----- DATASET CONTENT -----

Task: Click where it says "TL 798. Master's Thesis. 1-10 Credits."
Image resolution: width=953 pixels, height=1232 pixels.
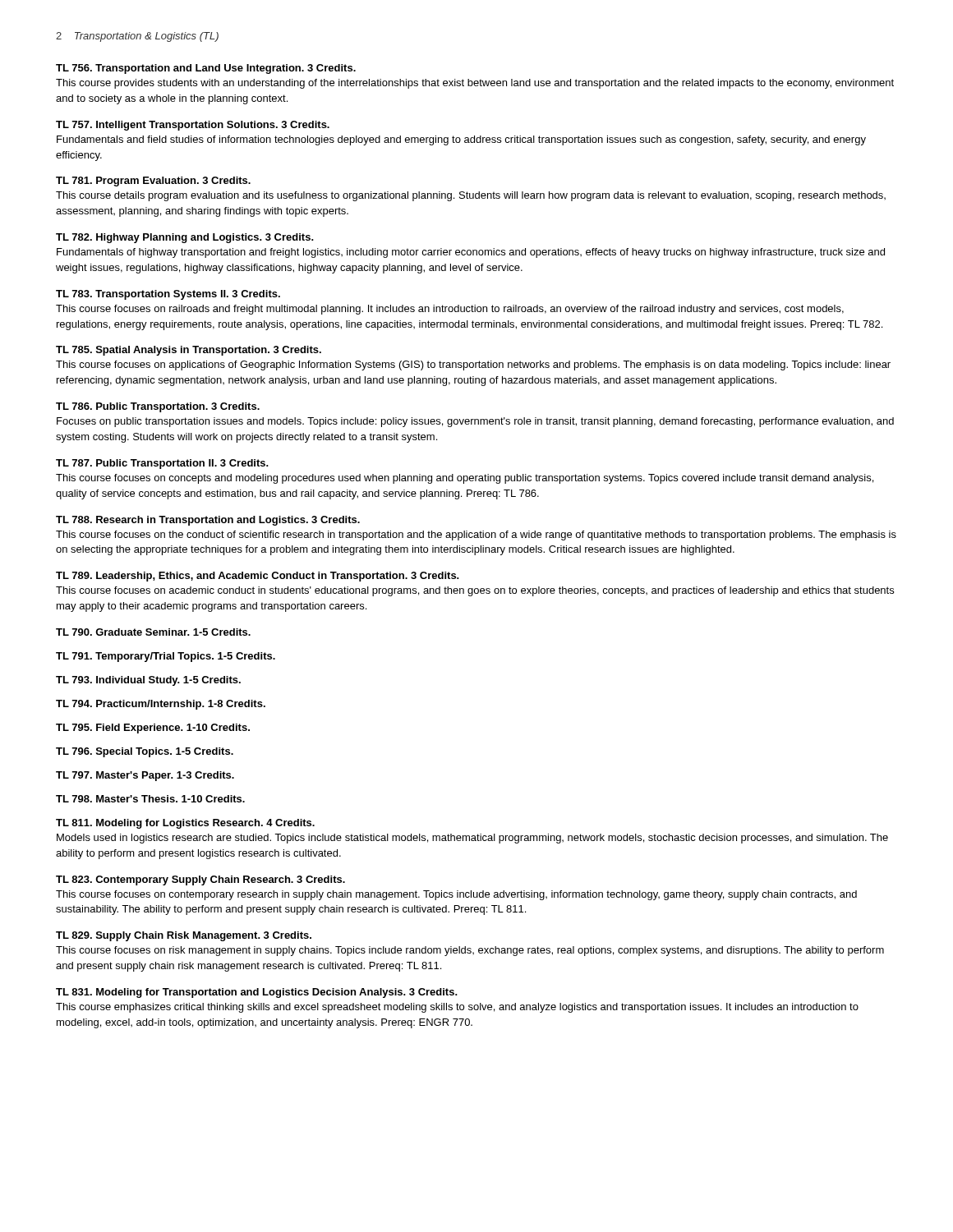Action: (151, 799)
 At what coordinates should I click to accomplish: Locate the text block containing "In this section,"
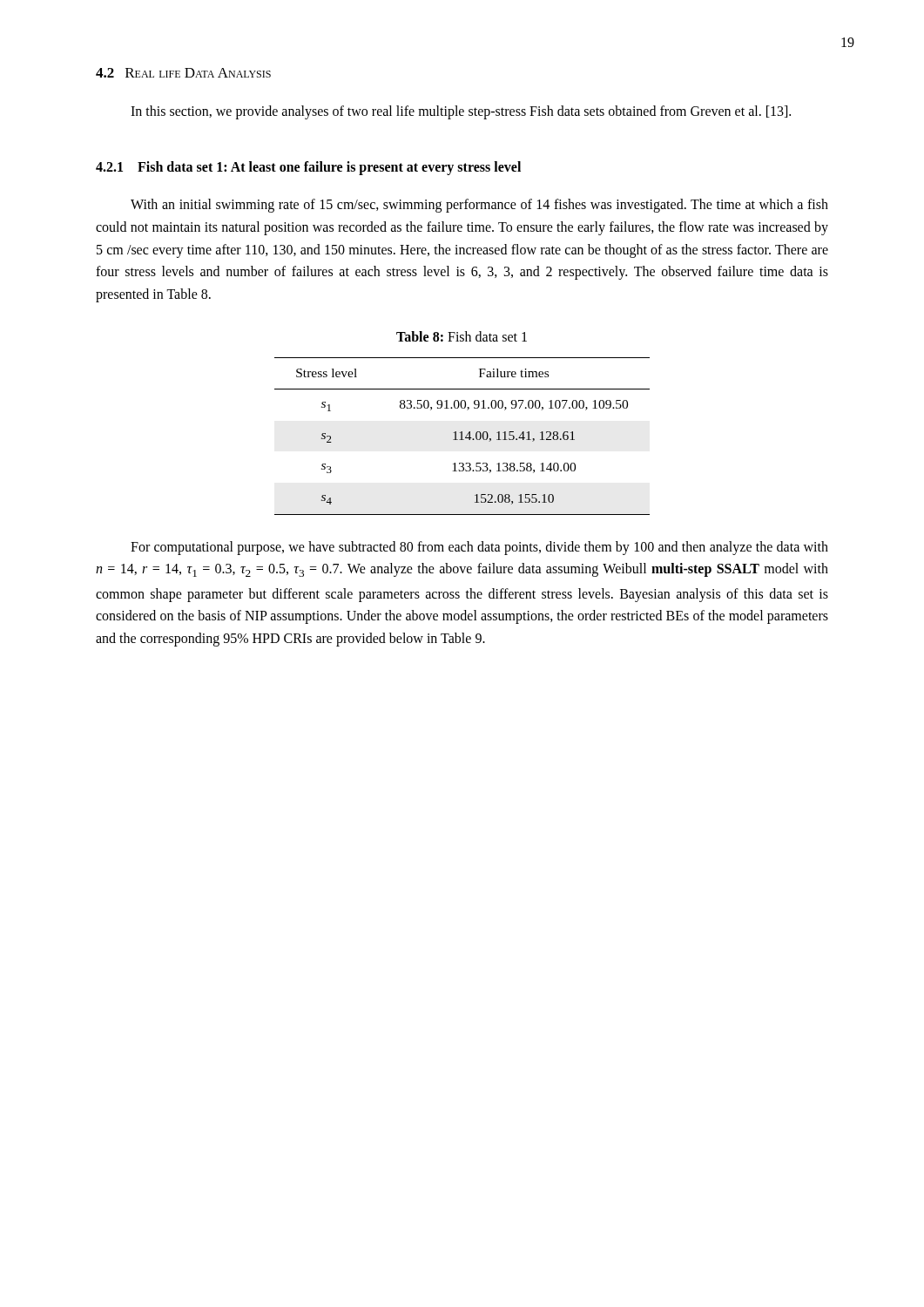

-----
----- DATASET CONTENT -----

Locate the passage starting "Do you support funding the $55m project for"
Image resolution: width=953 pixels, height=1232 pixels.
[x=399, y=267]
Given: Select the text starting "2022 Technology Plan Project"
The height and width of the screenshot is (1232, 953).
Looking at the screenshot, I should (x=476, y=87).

-----
----- DATASET CONTENT -----

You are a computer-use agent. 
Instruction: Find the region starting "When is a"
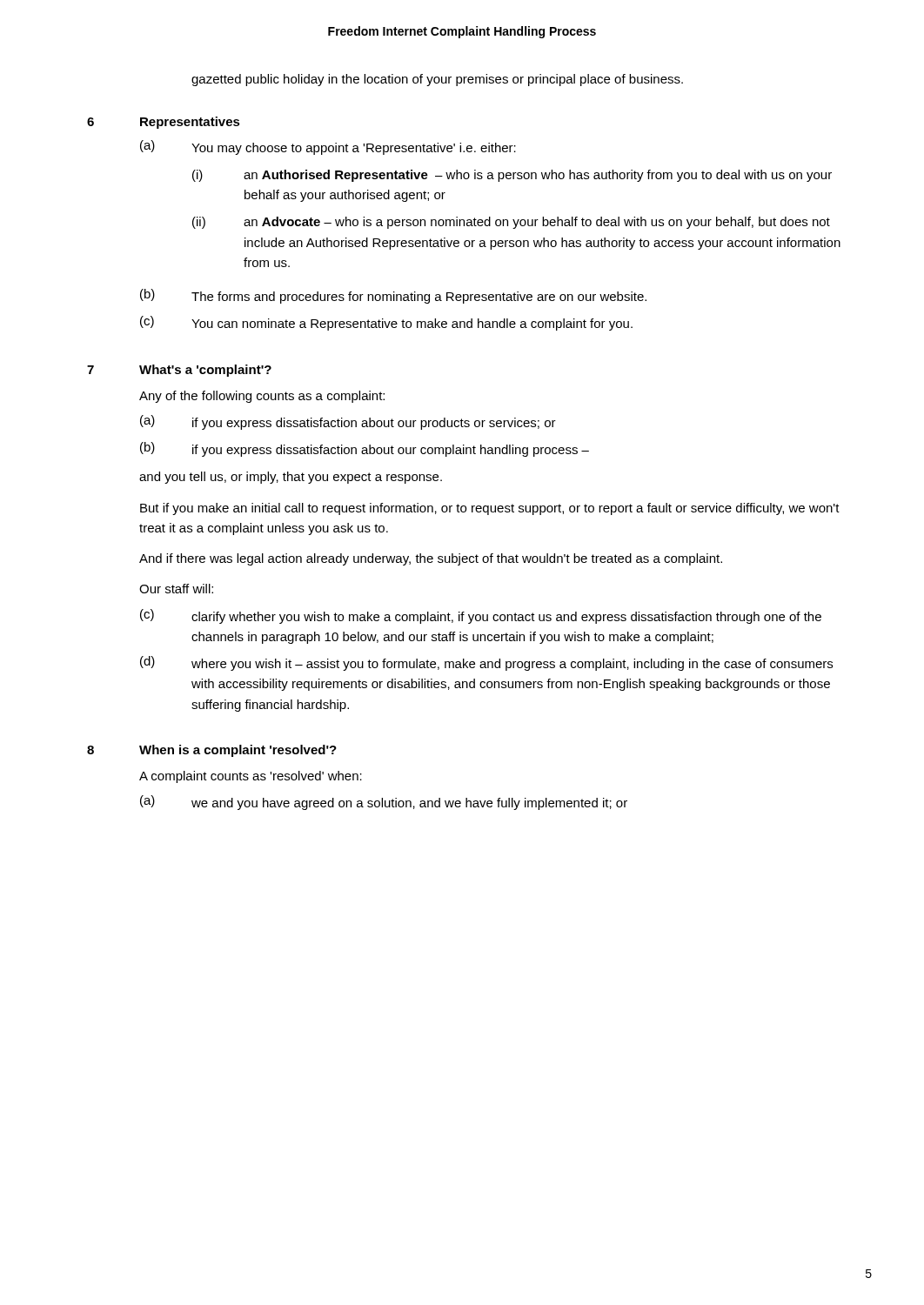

-----

→ **WORK TO COMPLETE**
Leaving every picture aside, reproduce exactly the lines above from the one with "Task: Click where" up to and including the one with "At what coordinates", and no others.

→ **EXERCISE RESPONSE**
Task: Click where it says "TL 798. Master's Thesis. 1-10 Credits."
Image resolution: width=953 pixels, height=1232 pixels.
Action: (151, 799)
 At what coordinates should I click to accomplish: Locate the text block containing "In this section,"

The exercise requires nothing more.